We are not aware of a secreted molecule of importance that could have been removed by the method we have used to produce conditioned medium and concentrate it for in vivo use. It is important to point out that our method for conditioned medium production and concentration is an accepted one [36] and has demonstrated a therapeutic effect in previous studies we have carried out [8, 17] and by other investigators [37]. The centrifugal filters for concentration are characterized by a membrane with a molecular weight cutoff; that is, their ability to retain molecules above a specified molecular weight. Solutes with molecular weights above 3 kDa were retained by our device, which is considerably more sensitive than the 10-kDa filter, as used in many other studies.

Limitations

There are a number of limitations to these studies. Firstly, it is difficult to determine whether recovery after injury constitutes solely a repair process or whether cessation of ongoing injurious processes by cell therapy also contributes to the effect seen. Repair after an injurious process such as VILI—reabsorption of edema fluid, alveolar epithelial cell spreading and proliferation, plasma membrane wound sealing—occurs in conjunction with injury [38]. As such there is considerable overlap between injurious and reparative processes. For example, pneumocyte proliferation and collagen synthesis occurs early after institution of mechanical stretch-induced injury and is correlated with survival [9, 39]. However, other than removal of the injurious stimulus, it is difficult to clearly determine which process predominates. We have based the use of the term ‘recovery’ on the fact that the injurious stimulus has been removed (VILI) and MSCs are administered after a demonstrable injury has been established. While damaging inflammation may be ongoing, particularly in the early phase after VILI [9], this inflammation is necessary for an orchestrated repair response [40]. As such, injury and repair are closely linked in this model. Secondly, caution must be exercised in extrapolating from insights in rodent models to the clinical situation.
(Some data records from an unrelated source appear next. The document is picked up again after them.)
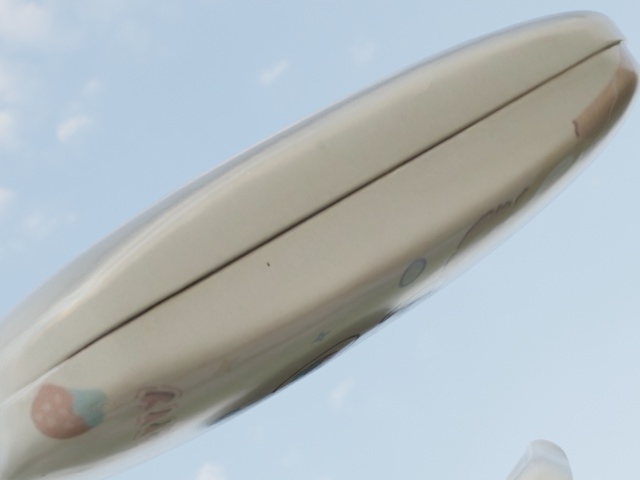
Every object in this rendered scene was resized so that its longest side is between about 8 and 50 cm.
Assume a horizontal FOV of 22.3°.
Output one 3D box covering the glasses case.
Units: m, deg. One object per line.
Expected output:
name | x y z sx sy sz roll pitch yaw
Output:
glasses case | 0.000 0.000 0.392 0.204 0.051 0.081 -30 -7 -31

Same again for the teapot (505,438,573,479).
teapot | 0.095 0.185 0.820 0.298 0.204 0.139 -111 45 -84
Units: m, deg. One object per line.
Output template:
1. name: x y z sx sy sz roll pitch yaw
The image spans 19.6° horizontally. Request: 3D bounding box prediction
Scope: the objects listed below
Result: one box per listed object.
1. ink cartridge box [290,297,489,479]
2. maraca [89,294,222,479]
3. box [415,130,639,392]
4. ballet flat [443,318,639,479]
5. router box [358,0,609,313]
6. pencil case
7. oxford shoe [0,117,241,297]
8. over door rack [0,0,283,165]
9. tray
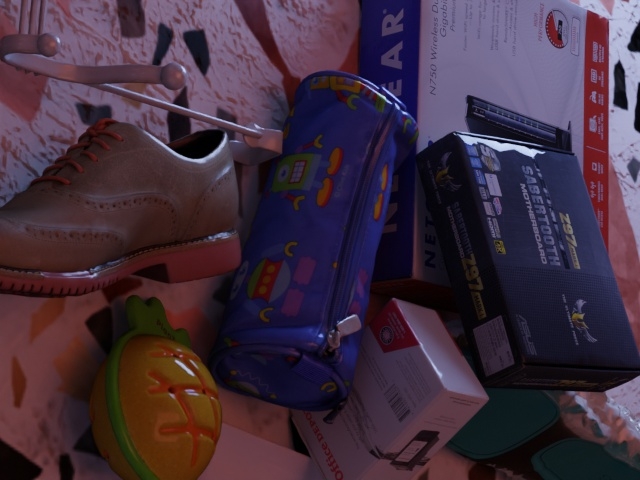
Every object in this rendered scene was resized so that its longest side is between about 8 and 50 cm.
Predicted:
1. ink cartridge box: 0.057 0.143 1.610 0.063 0.150 0.109 16 35 -45
2. maraca: -0.130 0.123 1.485 0.127 0.099 0.185 55 23 -34
3. box: 0.193 0.022 1.696 0.183 0.059 0.232 8 61 -45
4. ballet flat: 0.201 0.160 1.817 0.409 0.147 0.147 36 58 -39
5. router box: 0.166 -0.092 1.834 0.301 0.082 0.335 14 73 -44
6. pencil case: 0.000 0.000 1.611 0.119 0.133 0.306 35 59 -33
7. oxford shoe: -0.191 -0.029 1.415 0.348 0.123 0.130 -9 104 -57
8. over door rack: -0.116 -0.220 1.523 0.324 0.108 0.239 20 69 -51
9. tray: -0.025 0.260 1.612 0.270 0.030 0.145 28 65 -40
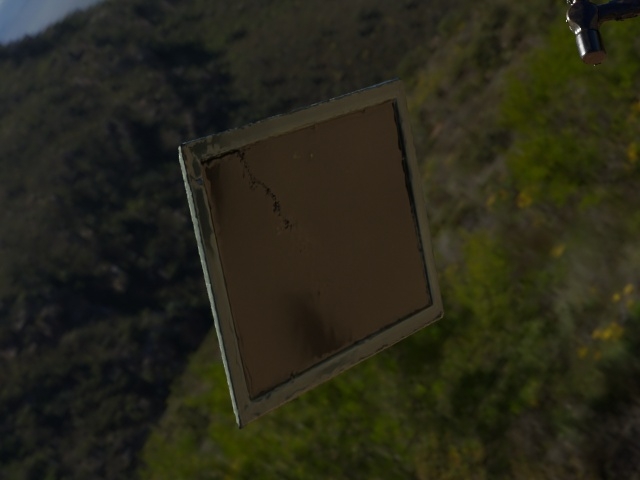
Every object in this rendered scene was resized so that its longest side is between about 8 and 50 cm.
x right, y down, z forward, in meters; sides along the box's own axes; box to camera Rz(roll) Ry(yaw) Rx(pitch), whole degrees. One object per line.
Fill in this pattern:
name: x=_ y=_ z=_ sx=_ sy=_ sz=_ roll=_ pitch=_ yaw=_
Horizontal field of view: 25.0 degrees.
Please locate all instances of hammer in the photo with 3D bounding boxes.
hammer: x=0.265 y=-0.173 z=1.031 sx=0.178 sy=0.021 sz=0.065 roll=-11 pitch=64 yaw=16

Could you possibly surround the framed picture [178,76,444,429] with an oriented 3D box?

However, these findings add to a growing body of evidence suggesting that MSC therapy may have therapeutic potential for ARDS. Thirdly, we did not provide baseline data on these animals, to allow the reader to assess the magnitude of effects of injurious ventilation on the parameters measured. However, the effect of the high stretch ventilation strategy used in this model has been well characterized in a prior publication from our group [9]. Furthermore, we do not provide data for the effects of MSCs on protectively ventilated or unventilated lungs. However, it would be expected that any effects on these uninjured animals would be limited. Finally, we have not provided a mechanism for how beneficial effects occurred in the MSC-treated group versus the conditioned medium group, which will require further study.

Conclusions

In conclusion, we have used our established rodent model of recovery after VILI to investigate the effects of rat MSCs on early injury and repair after VILI. We have demonstrated that rodent MSCs, but not the MSC secretome alone, augment lung repair in the early phases after VILI.

Key message

MSC therapy enhances early recovery following ventilator-induced lung injury in part via a paracrine mechanism.